Safer sex is about much more than just AIDS
“Safer sex encompasses a much wider issue than just AIDS or sexually transmitted diseases. AIDS itself is – at least in Germany today – well treatable, although unfortunately still not curable. But there are many other diseases besides AIDS that are sexually transmitted and there has been a high increase in the number of people infected with them in recent years, for example with syphilis, gonorrhea and chlamydia. Even though these diseases are not necessarily as dangerous as AIDS, they are unpleasant and definitely avoidable. Therefore, it is still absolutely necessary to talk about diseases and safe sex to show possibilities to (effectively) protect against transmission. This always includes a conscious handling of Sexuality and sex in general.”
Youth against AIDS: 3 tips for young women
- Talk about it! – and not blunted, because open communication is extremely important
- Especially as a girl and woman, you should take contraception into your own hands and also use it persevere! And this is not only about contraception, but also about safe sex, i.e. the contraception of venereal diseases (for example, you can use a Femido, a condom for women, if your partner does not want to use any).
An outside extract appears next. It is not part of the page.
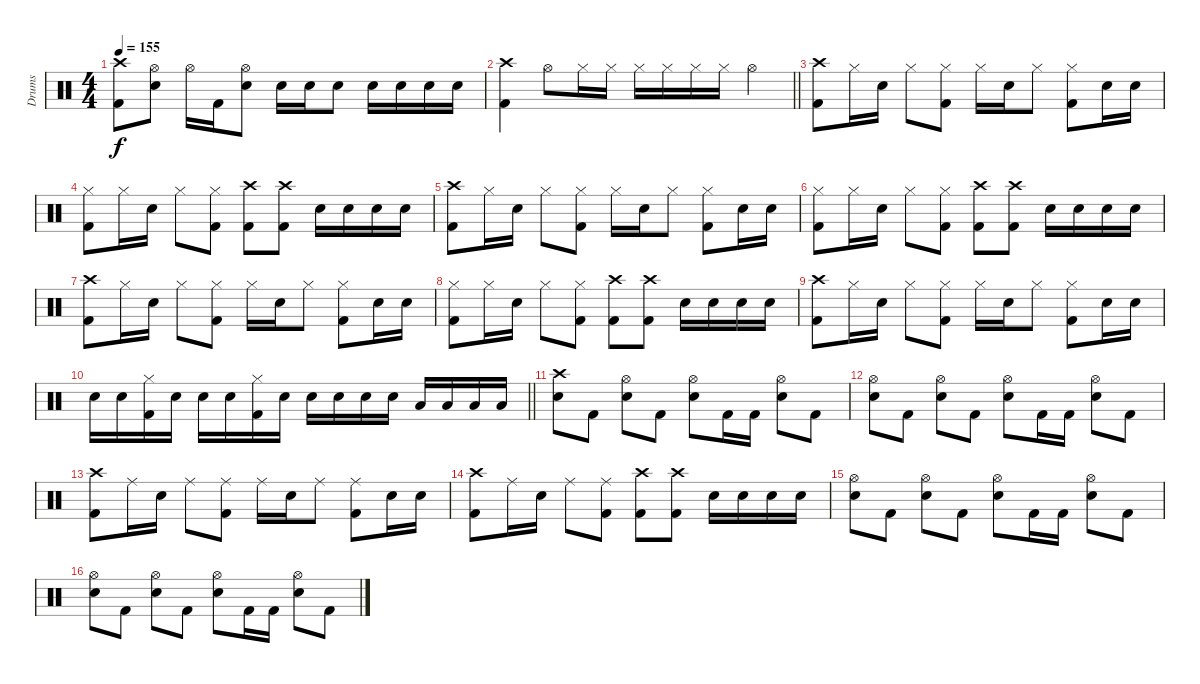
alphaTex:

- You should just think about sex in a self-determined way, talk about it and in the end act on it.
Youth against AIDS comes to your school
Youth against AIDS offers workshops in schools, as a supplement to sex education, in which young people of almost the same age and previously trained in the so-called academies, an extensive portfolio of educational work is being done. This creates a safer space, so more likely an atmosphere like with a big brother or sister, with whom the students talk about sexual topics and are more likely to dare to talk about topics that they often like to avoid speaking about with a teacher. In addition, the workshops are designed to be interactive.
Pictures: Youth against AIDS
Passion lottery: FAQ YOU – An educational book from Youth against AIDS
FAQ YOU is an educational book by Youth against AIDS and also a compilation of questions that are answered in the workshops is provided. These questions were answered by many prominent influencers and professional experts. This book is also aimed at those who are already out of school and perhaps think that they are already pretty well enlightened. This book is surprising and informative!
With whom can you talk relentlessly about sexuality?
*This article contains uncommissioned advertising.